Another distinctly BlackBerry touch is the software keyboard, which is the only OEM keyboard we have ever kept using. The floating Minority Report-ish predictions take some getting used to, but the swiping gestures (up to select a prediction, left to delete a word) become intuitive quickly.

It’s refreshing to see a manufacturer make a keyboard that’s actually an improvement on stock, rather than something to immediately replace.

Netflix and commute

  • Decent all-rounder
  • Solo speaker

It seems unlikely that anyone would buy this phone specifically for its movie and music prowess, but a good Android has to be an all-rounder, and the Motion does a decent enough job of that.
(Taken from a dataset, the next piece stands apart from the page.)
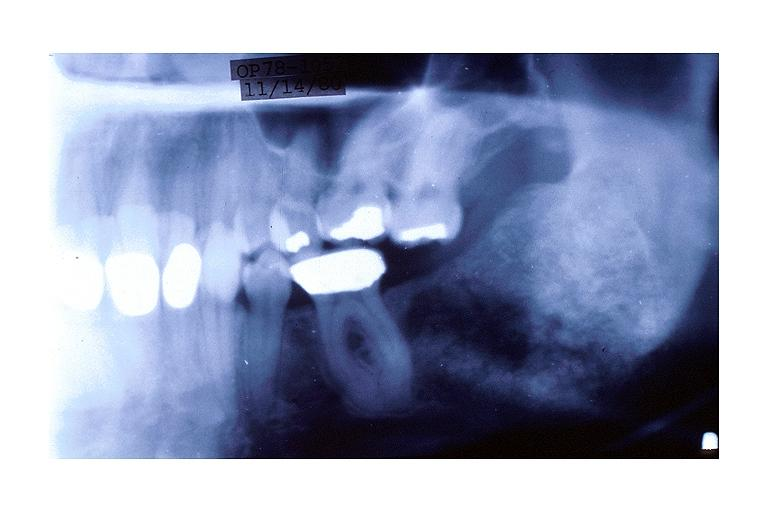what is present?
Answer the question using a single word or phrase. Oral

The screen is more than sufficient in both size and quality for commuting-time Netflix binges; the solo speaker on the bottom is fine if a little noisy at high volumes; and the bundled headphones are the standard slightly leaky, slightly uncomfortable but perfectly workable fare.

Gaming-wise, the Motion can handle intensive titles to a degree, but it’s not a gamer’s phone by any means.

You’ll be more than happy hatching your Pokémon on it (and you won’t run out of power nearly as fast as you will on most other phones), but we wouldn’t recommend it for high-octane racing and adventuring: it can get jerky and laggy at higher framerates.

Still, if you were expecting epic gaming experiences from a mid-range BlackBerry, we have questions for you.

Hard-working (ish) hardware

  • Not flagship specs
  • Older chipset
  • Reasonable performance

The specs on the BlackBerry Motion are roughly what we would expect for this price point, although a little dated in places. You get 4GB of RAM and an octa-core chipset, but it’s the older Snapdragon 625 (with eight 2.0GHz Cortex-A53 cores).

It would have been nice to see a more recent chip like the 626 or 630, but previous BlackBerry phones have been criticised for costing a fortune (the Priv in particular), so it’s understandable that BlackBerry has chosen to keep the price tag down this way.

The 625 is still a perfectly capable chipset, and it handles well in the BlackBerry Motion even with a lot of apps thrown at it.

Filling the phone with social media, games, productivity tools and all sorts of other nonsense didn’t make an appreciable difference to its performance, and nor did quick-switching between them all.

It does get a little slow at times, particularly with Wi-Fi and Bluetooth, but nothing that’ll bug you too much. Performance is more than fair for the price, and won’t get in the way of getting your work done. And isn’t that the point of a BlackBerry?